Jun Liu, Harvard University

Title: Novel Sequential Monte Carlo Techniques and Their Applications to Protein Structure Analysis

I will describe the general sequential Monte Carlo (SMC) methodology, which has become popular in the engineering and statistics communities, and discribe its connections with molecular structure simulations and optimizations. Two new ideas for improving the efficiency of SMC methods will be introduced: using pilot samples to guide for resampling and incorporating a data-dependent optimal resampling criterion. We will illustrate these ideas using examples from Hydrophobic-Hydrophilic (HP) protein model simulation and near-native structure sampling. By applying the new SMC scheme, we were able to characterize many important ensemble properties of NNS, including the size of NNS set, the probability of randomly sampling one NNS structure, and the occurrence of native contacts in NNS. We also found that the widely used pairwise potential function behaved surprisingly bad for stabilizing near native protein structures. Based on the joint work with Junni Zhang, Jinfeng Zhang, Ming Lin, Rong Chen, and Jie Liang. Johannes Rudolph, Duke University

Title: Protein-Protein Interfaces

Protein-protein interactions form the basis for most cellular processes including events such as cell division and growth that are intimately linked to human diseases. Despite their importance and many previous studies, our understanding of the molecular basis for protein-protein interactions remains poor, lagging far behind that of protein folding and structure. We are striving to fill this gap by elucidating universal descriptors of protein interfaces based on composition, shape, and forces. We begin by defining and generating the interface surface between two or more complexed proteins using tools from computational geometry including weighted Voronoi diagrams, weighted Delauney triangulations, and topological persistence. Simply described, the interface surface is a wrinkly (non-flat) sheet halfway between two proteins trimmed where it protrudes beyond the interface. The advantage of the single interface surface over separate surfaces of the contributing proteins is that it provides a well-defined object that can be readily manipulated in calculations and be easily visualized. Analogous to protein structures, we define a hierarchy of structures on the interface surface. Primary structure describes the adjacencies (intra- and inter-molecular) of the residues contributing to the interface. Secondary structures are recurring geometric motifs such as cups and planes. We believe that most interface surfaces consist of a few canonical motifs, equivalent to alpha-helices and beta-sheets in protein structures. The landscape of these motifs forms the tertiary structure of an interface, which we refer to as the fold. Our goal is classifying interfaces through a deeper understanding of these three hierarchical structures and their interdependence. We also study a variety of naturally defined functions on the interface surface including distance to neighboring proteins and electrostatic potentials. We have demonstrated the biochemical relevance of the interface surface by using it to identify hotspot residues and partition the interface into previously recognized fragments. Additionally, we have established a web-based Protein Interface Database for analyzing and disseminating our data.

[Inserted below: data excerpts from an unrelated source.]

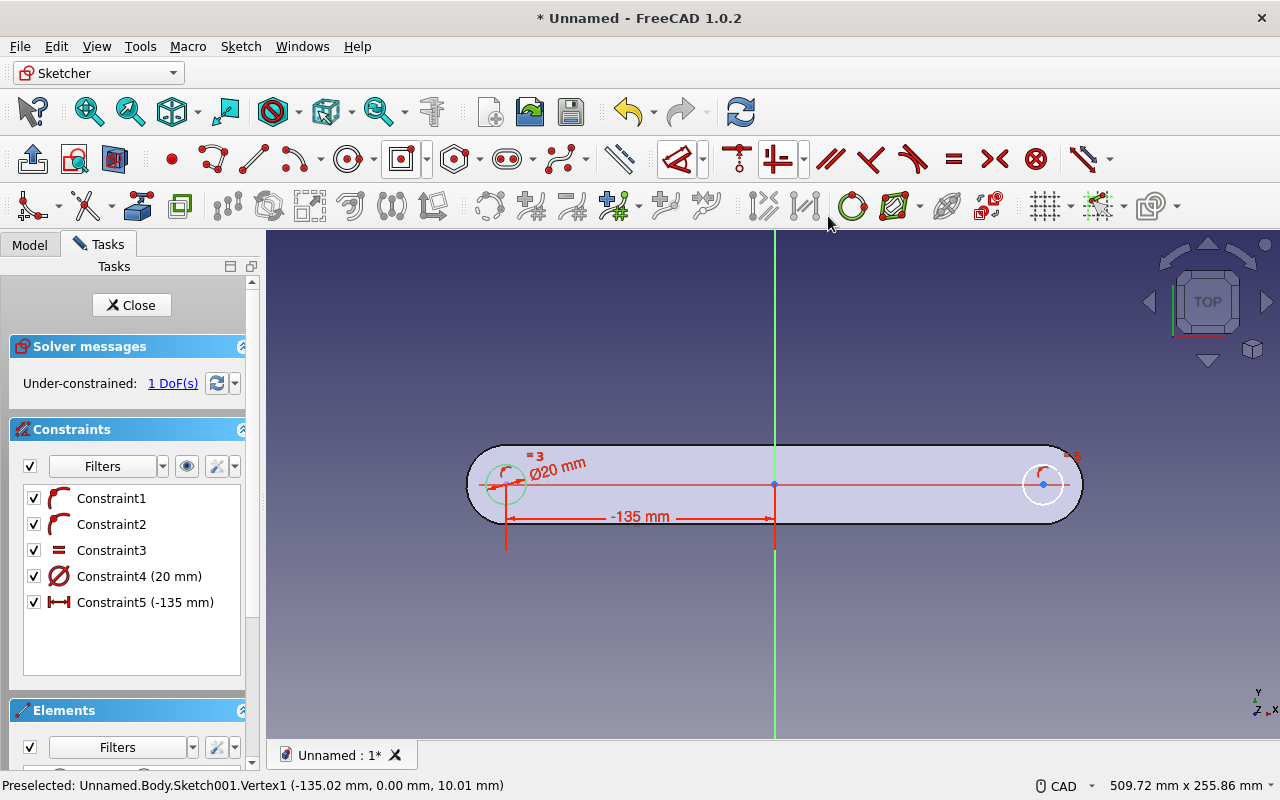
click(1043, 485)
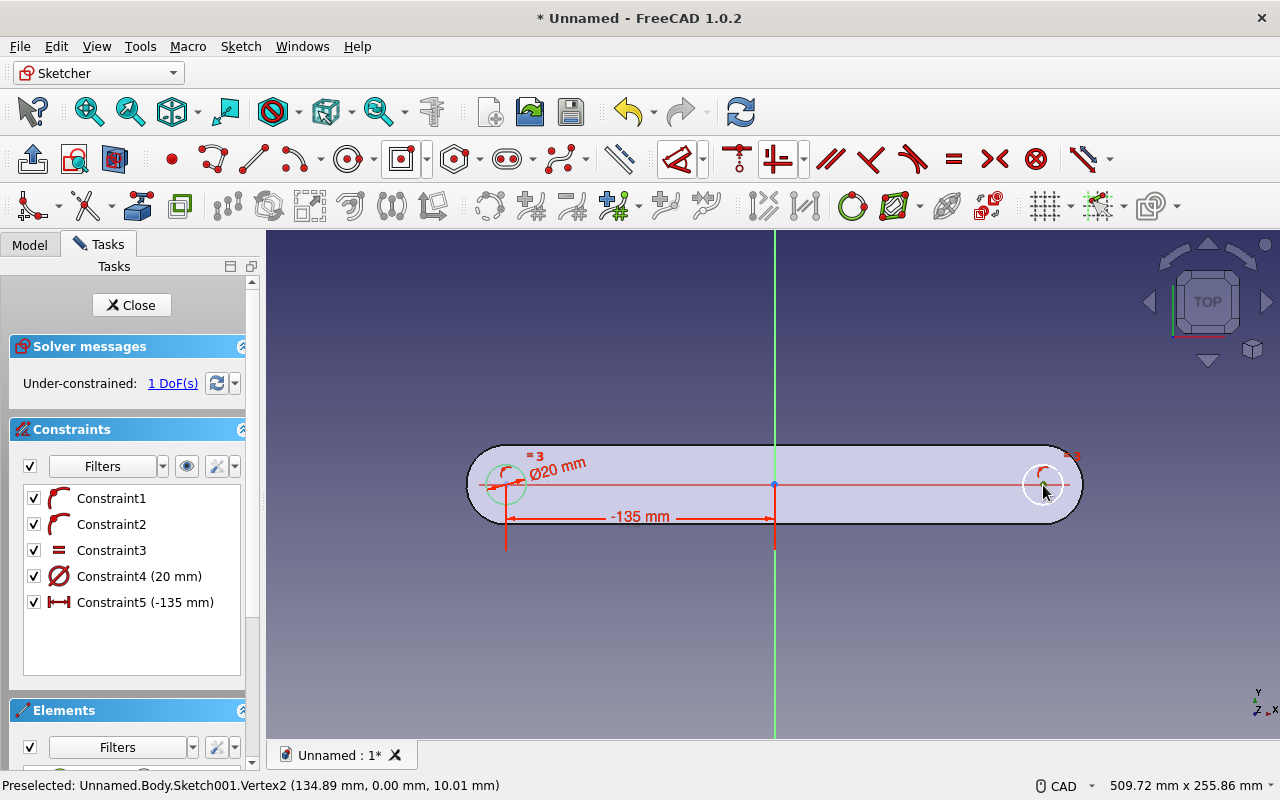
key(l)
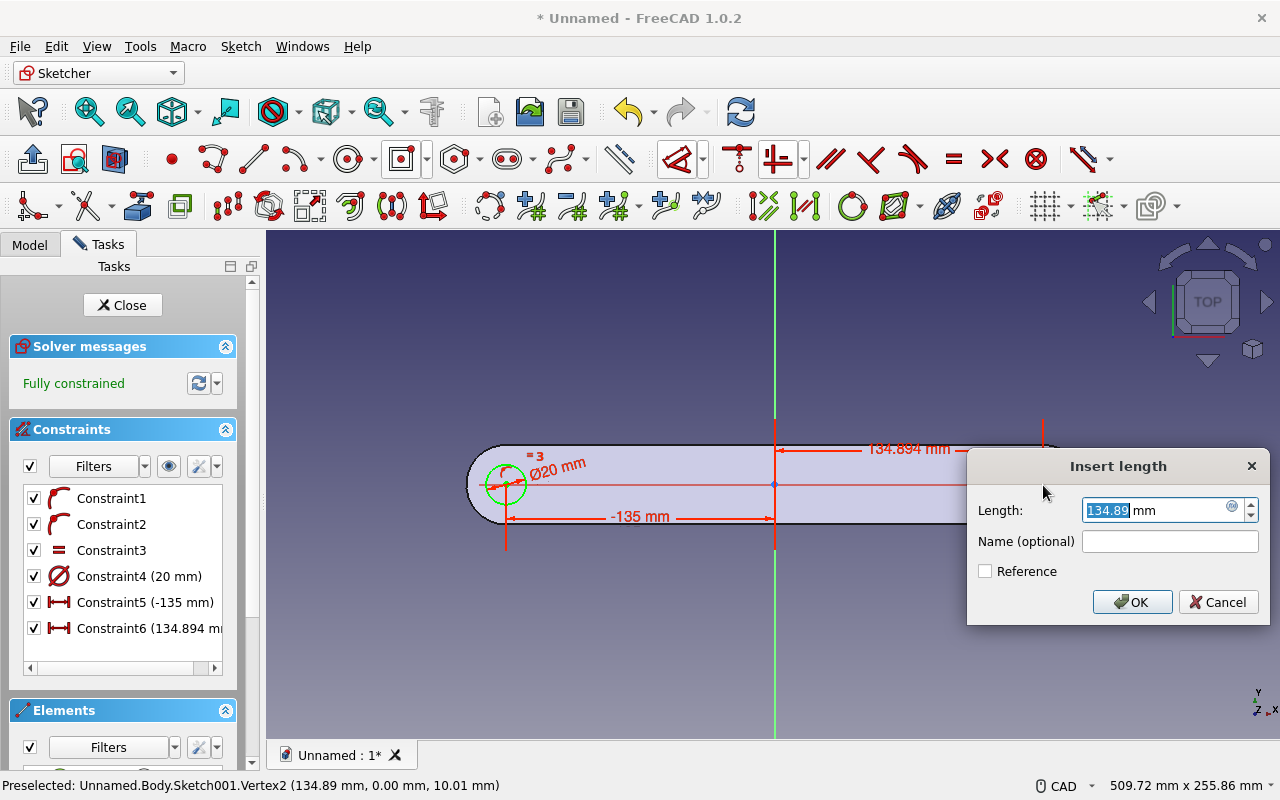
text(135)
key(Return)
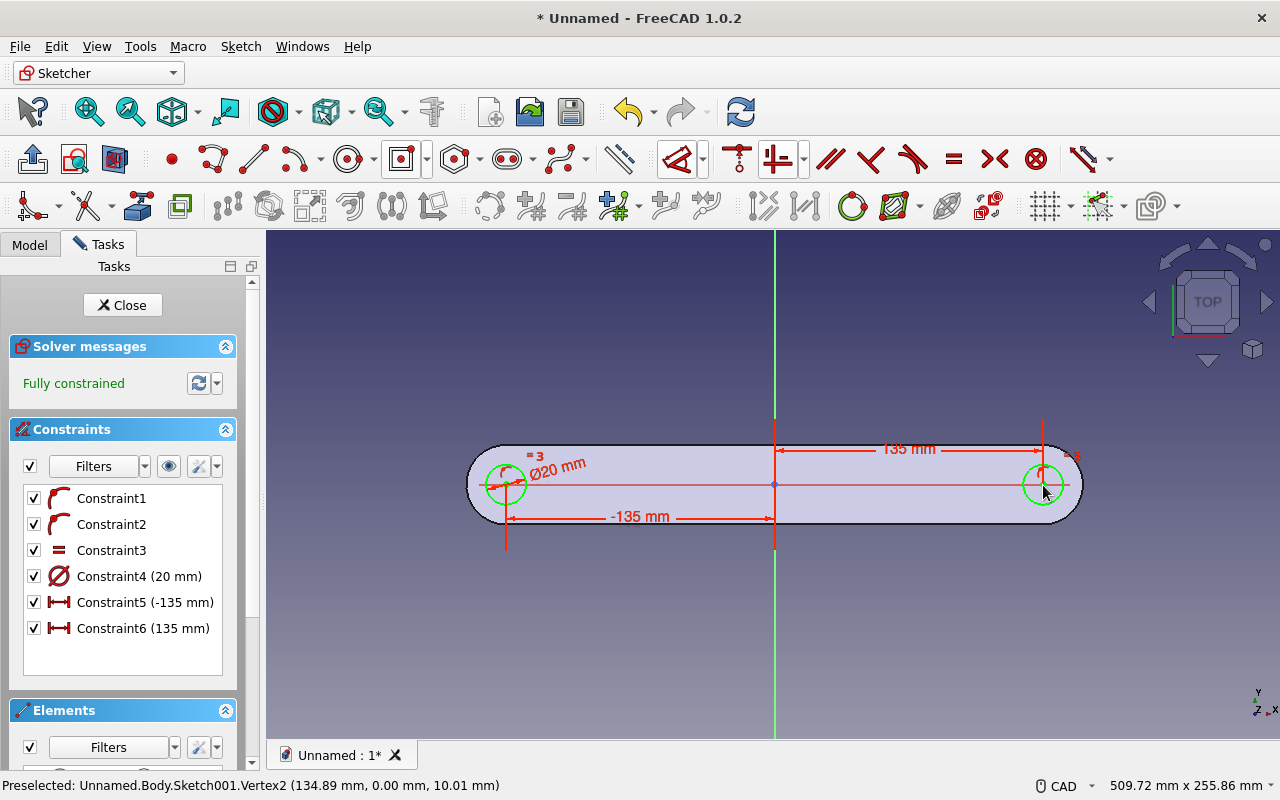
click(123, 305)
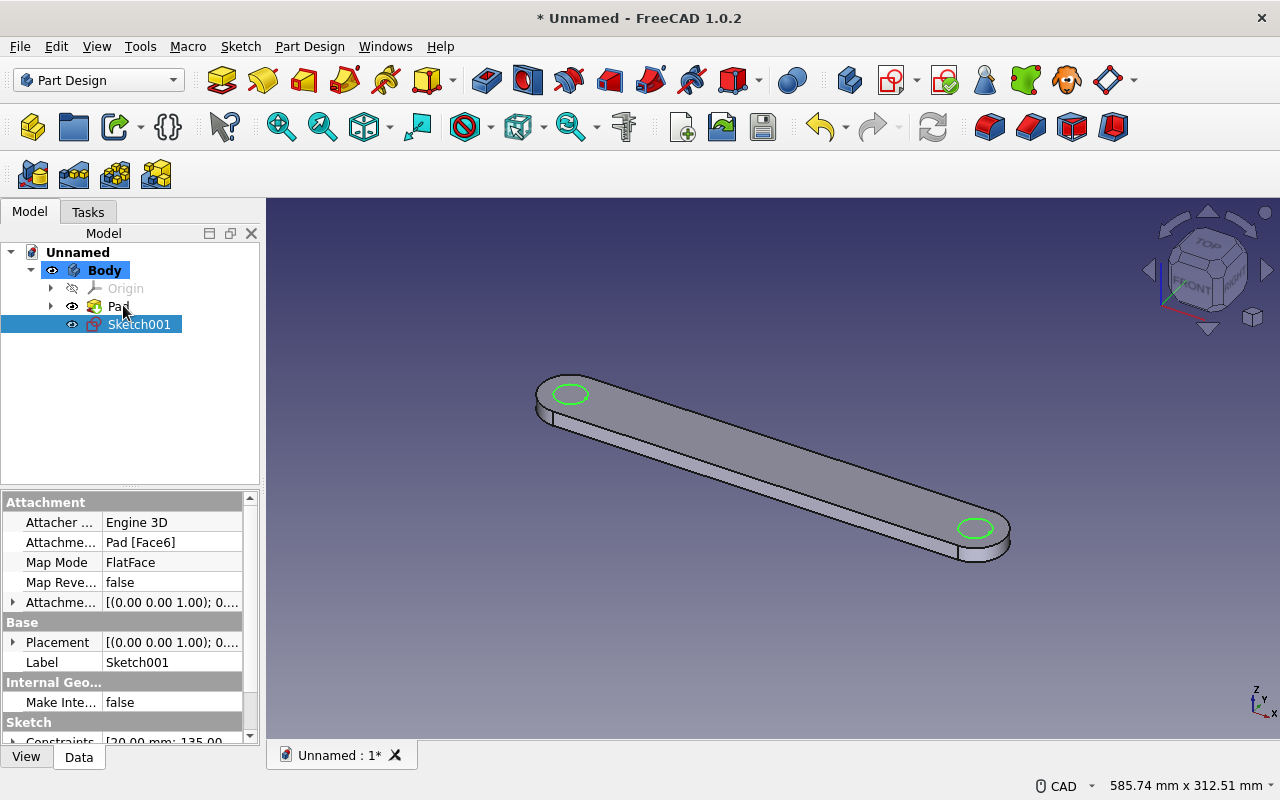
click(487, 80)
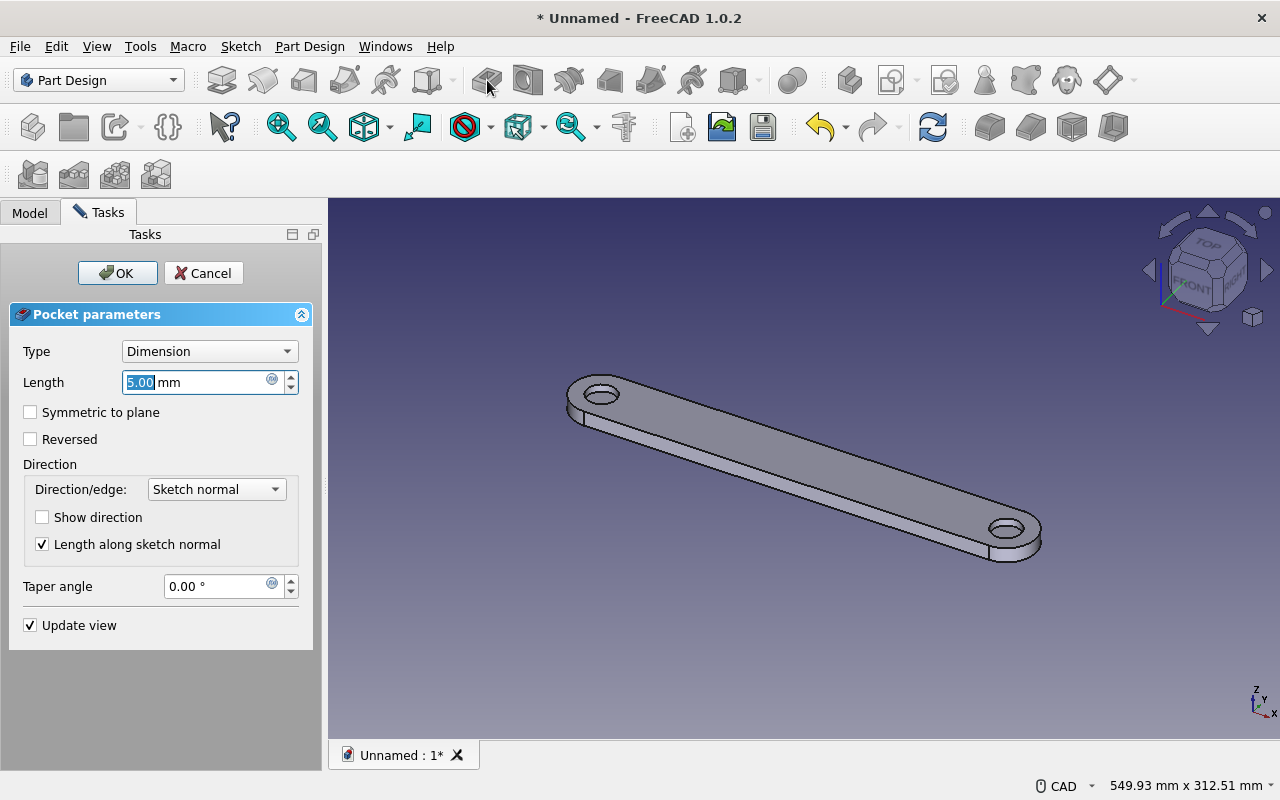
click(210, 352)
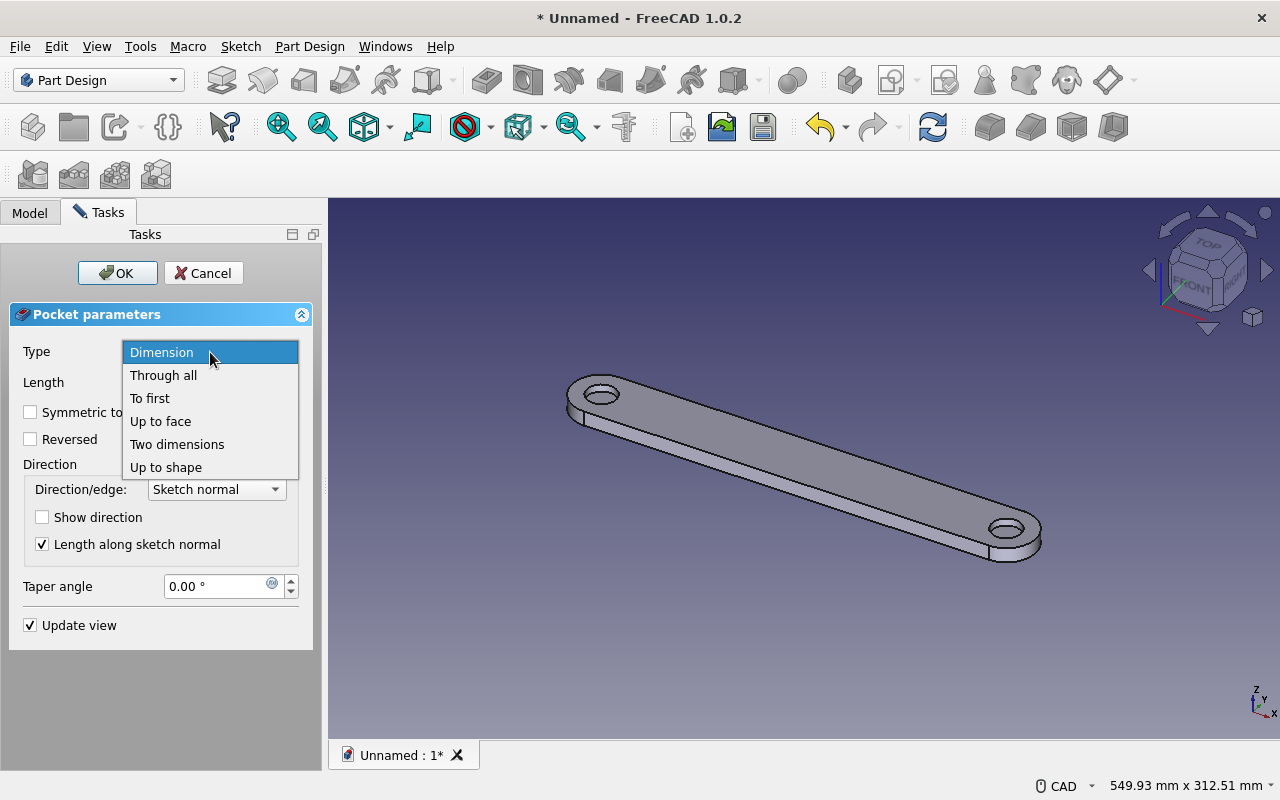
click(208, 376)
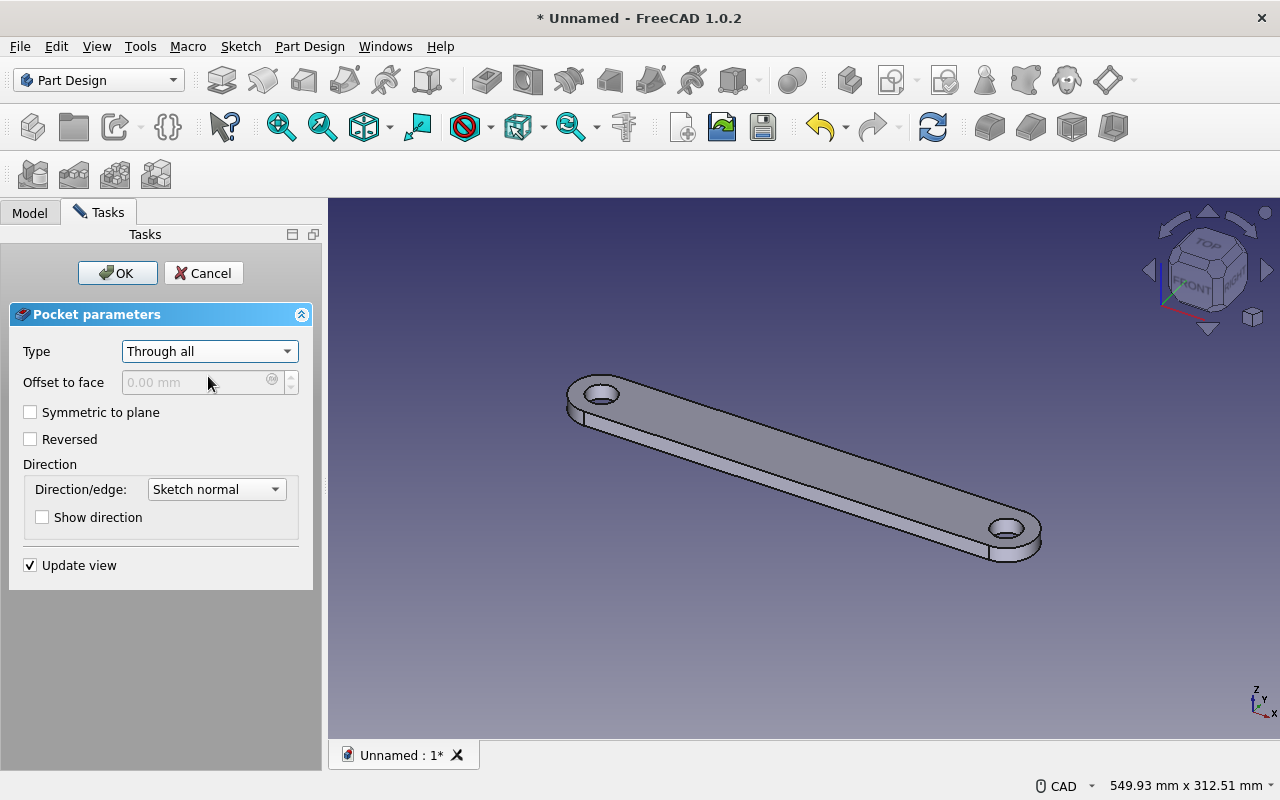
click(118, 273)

L. Ridgway Scott, University of Chicago

Title: Digital biology: Relations between data-mining in biological sequences and physical chemistry

The digital nature of biology is crucial to its functioning as an information system. The hierarchical development of biological components (translating DNA to proteins which form complexes in cells that aggregate to make tissue which form organs in different species) is discrete (or quantized) at each step. It is important to understand what makes proteins bind to other proteins predictably and not in a continuous distribution of places, the way grease forms into blobs.

Data mining is a major technique in bioinformatics. It has been used on both genomic and proteomic data bases with significant success. One key issue in data mining is the type of lens that is used to examine the data. At the simplest level, one can just view the data as sequences of letters in some alphabet. However, it is also possible to view the data in a more sophisticated way using concepts and tools from physical chemistry. We will give illustrations of the latter and also show how data mining (in the PDB) has been used to derive new results in physical chemistry. Thus there is a useful two-way interaction between data mining and physical chemistry.

We will give a detailed description of how data mining in the PDB can give clues to how proteins interact. This work makes precise the notion of hydrophobic interaction in certain cases. It provides an understanding of how molecular recognition and signaling can evolve. We also illustrate how this can be used to understand enzymatic activity. This work also introduces a new model of electrostatics for protein-solvent systems.

This talk is based on joint work with Ariel Ferndandez and Kristina Rogale Plazonic.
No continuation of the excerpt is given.